[Given data]:
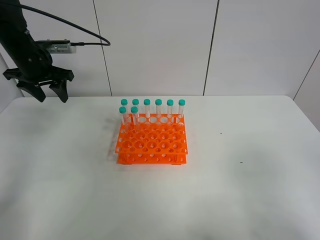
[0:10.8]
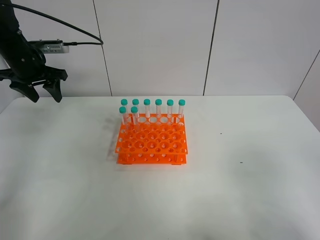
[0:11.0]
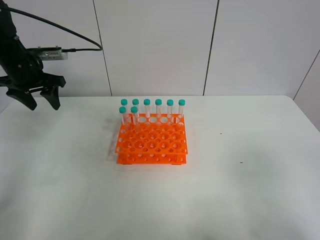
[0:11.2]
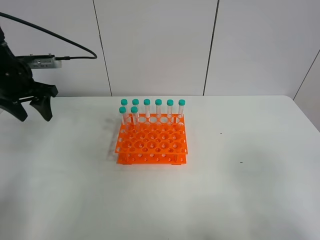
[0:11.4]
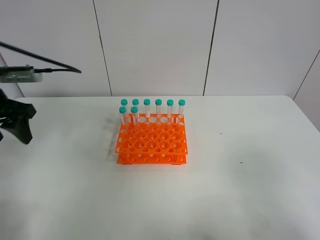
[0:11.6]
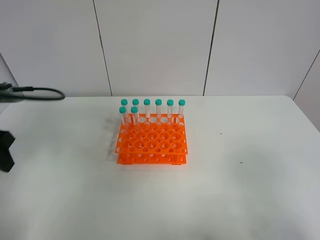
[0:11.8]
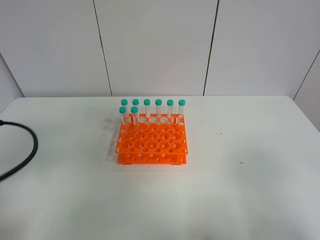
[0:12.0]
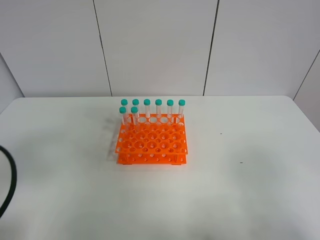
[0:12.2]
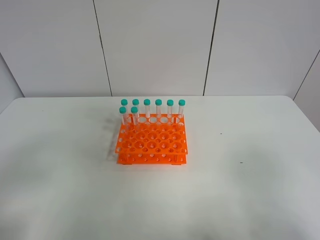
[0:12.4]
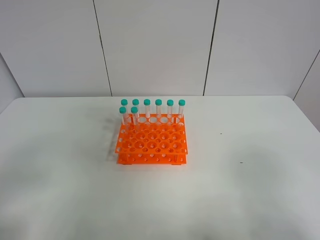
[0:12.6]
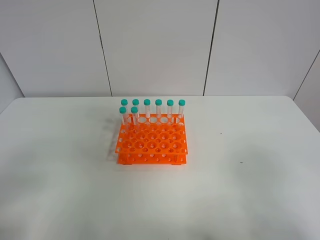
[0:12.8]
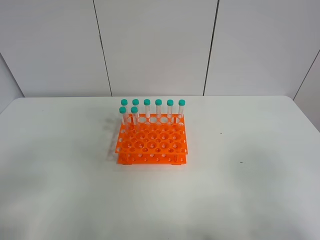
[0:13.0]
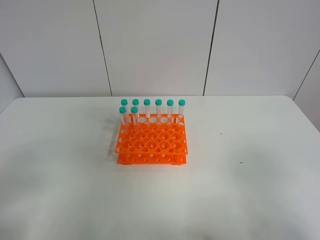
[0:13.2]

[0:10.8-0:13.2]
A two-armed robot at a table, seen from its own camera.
Task of the whole recording: Put the test tube on the table back onto the test tube rack.
0:10.8 to 0:12.0: The left gripper shifts approximately 30 cm backward.
0:12.0 to 0:13.2: The left gripper goes roughly 10 cm backward.

[The problem]: Output the data above verbatim, pictures excluded.

[Exercise answer]:
[0:10.8]
[0:11.0]
[0:11.2]
[0:11.4]
[0:11.6]
[0:11.8]
[0:12.0]
[0:12.2]
[0:12.4]
[0:12.6]
[0:12.8]
[0:13.0]
[0:13.2]

[0:10.8-0:13.2]
A two-armed robot at a table, seen from its own camera.
Task of the whole recording: Put the test tube on the table back onto the test tube rack.
0:10.8 to 0:12.0: The left gripper shifts approximately 30 cm backward.
0:12.0 to 0:13.2: The left gripper goes roughly 10 cm backward.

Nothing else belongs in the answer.